I’m glad that you are able to make it work despite the generational difference.
Post # 42
Thank you everyone for all the great answers! I definitely think that in a relationship like this, both people have a lot to give and take…I have definitely matured in many ways and he has loosened up.
Post # 43
lcvalado: lol thought I would keep you another perspective – I’m 7 years older than my fiancé! He is 29 and I just turned 36.
it was meant o be “a bit of fun” I even told him this as I said theres an 7 year age gap and I’m looking for kids and marriage soon as I’m 34. He said he could be serious and I said no let’s just have fun the age gap is too big.
well the next weekend we met for our first official date and with him he brought a list of reasons why this age gap was no Great Barrier Reef…. We then saw each other every weekend which turned into 3 times a week and 8 months later he moved towns, got a new job and moved in with me…. 1 yr later he visited Africa for the first time in his life to meet some of my family and when thy teased him as to his intentions he said “I’m going to marry her”, 1 year 4 months later we were engaged and next month we marry.
age isn’t an issue as he is more mature then men I dated that were older than me it’s about heart and what we make each other feel. I actually look his age and last night I was ID’d in a club and he wasn’t but something about me worked for him and man not originally ready to settle down became the man telling me he wanted to. Sometimes it’s odd he doesn’t know certain references to old shows or films and music and yet that could happen with anyone. I do worry about hitting certain ages aay ahead like 40 🙁 and 50, so maybe you need to be sensitive to his key birthdays and also think not just how this is for you but for him. If it works it works, it’s all about the love 🙂 xx
Post # 44
I’m 30 my husband is 39 will be 40 in a couple months. we get along fine. We grew up with different things. Not just music and movies but also the fact that I am from a different culture than him and I wasn’t even exposed to a third of the music, artist, movies that he grew up with. So we don’t even have those things in common from our past. But we have many memories in common from the time we started dating to today and will make many more together in the future.
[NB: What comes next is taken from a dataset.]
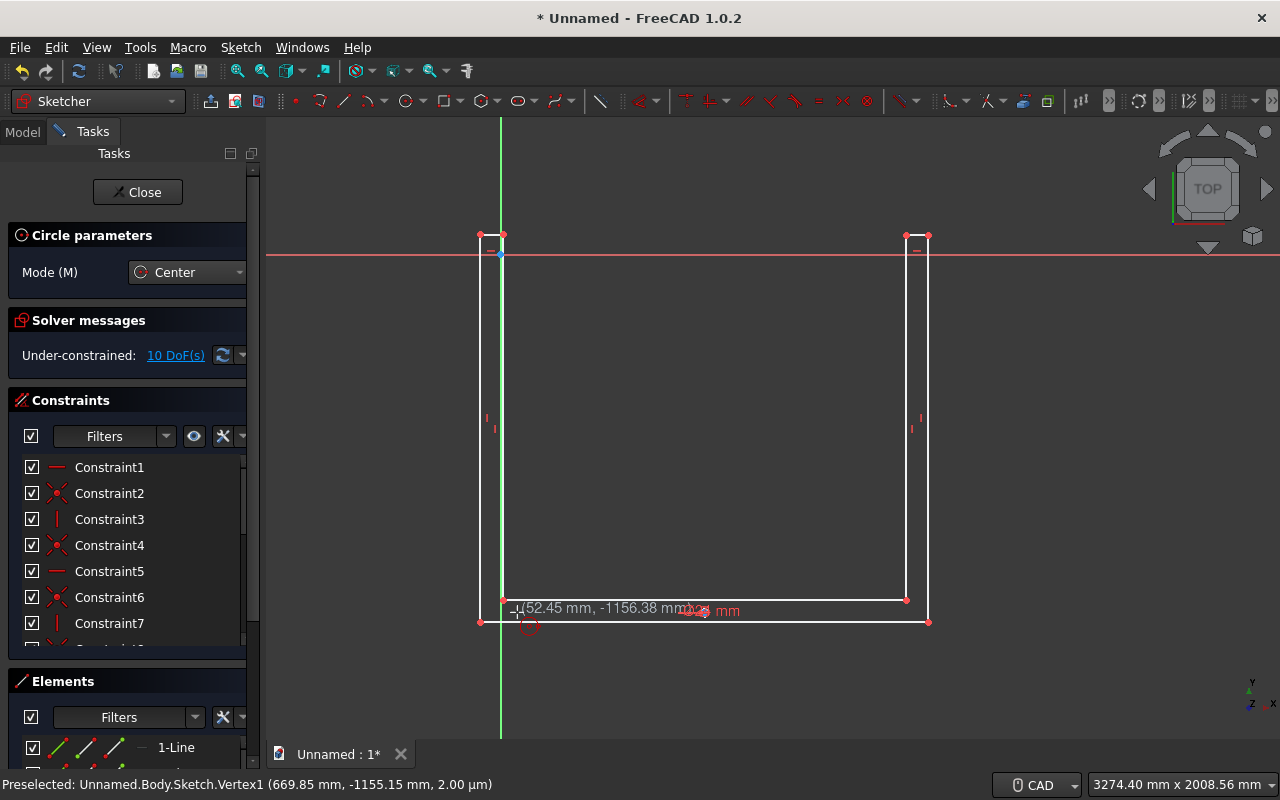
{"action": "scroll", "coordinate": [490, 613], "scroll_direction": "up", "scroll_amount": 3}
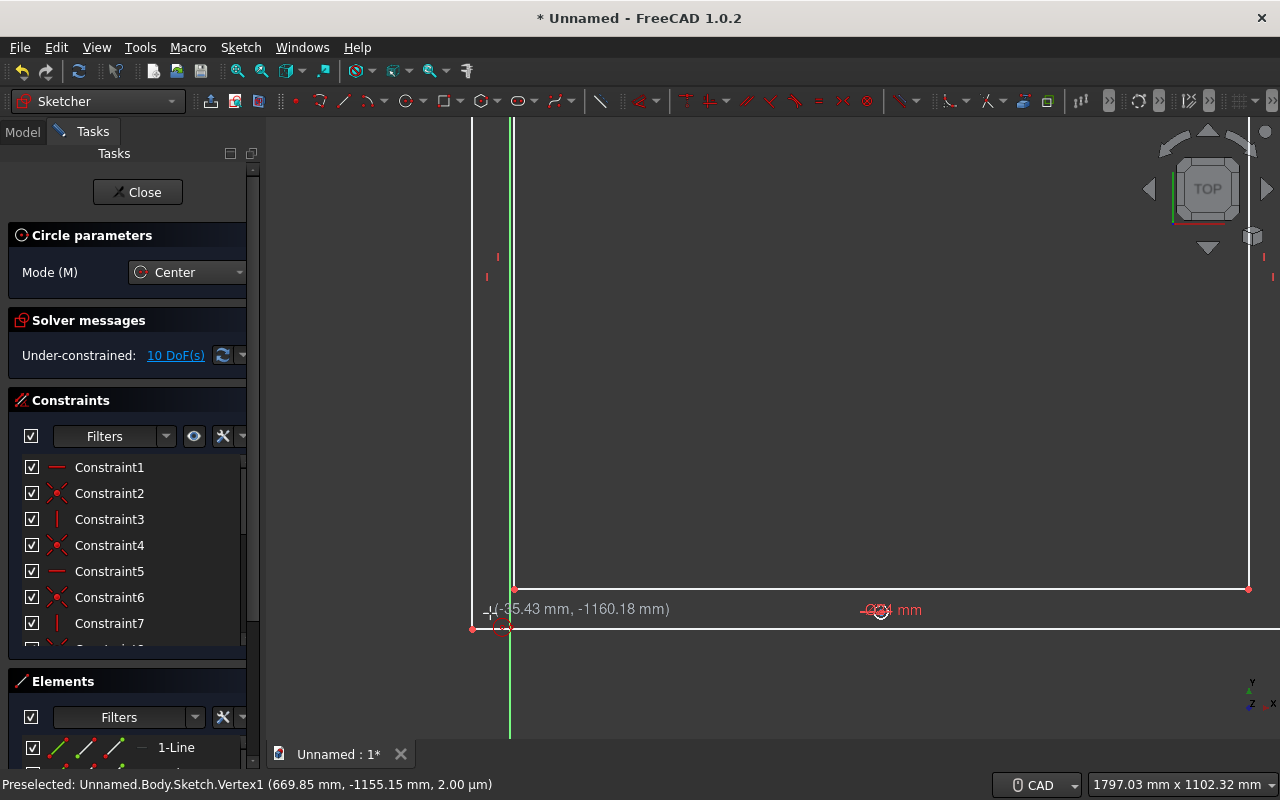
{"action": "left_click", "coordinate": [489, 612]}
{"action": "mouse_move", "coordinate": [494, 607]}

Of course I think about aging and sickness. But I’m not going to worry about tomorrow. I’m going to enjoy and live today. One day at a time.
Post # 45
I am 25 and my Fiance is 32. I often worry that he will not live as long as I will, so I will do everything I can to ensure that we live a healthy and long life together. I am also in the health field and am very interested in personal nutrition, so I am often making him healthy food and telling him it’s because I need him to live 7 years longer, so we will have each other for life.
I think it is a sign of love to worry about your partner’s health–especially with your SO being older, and men living shorter lives than women. I have an aunt who found the love of her life, but he was 20 years older than her. They married, had a full life together, and after he passed away, she found the second love of her life, and re-married a man who was also a widower. Her story has always made me believe that it is never worth giving up love out of worry for your age gap.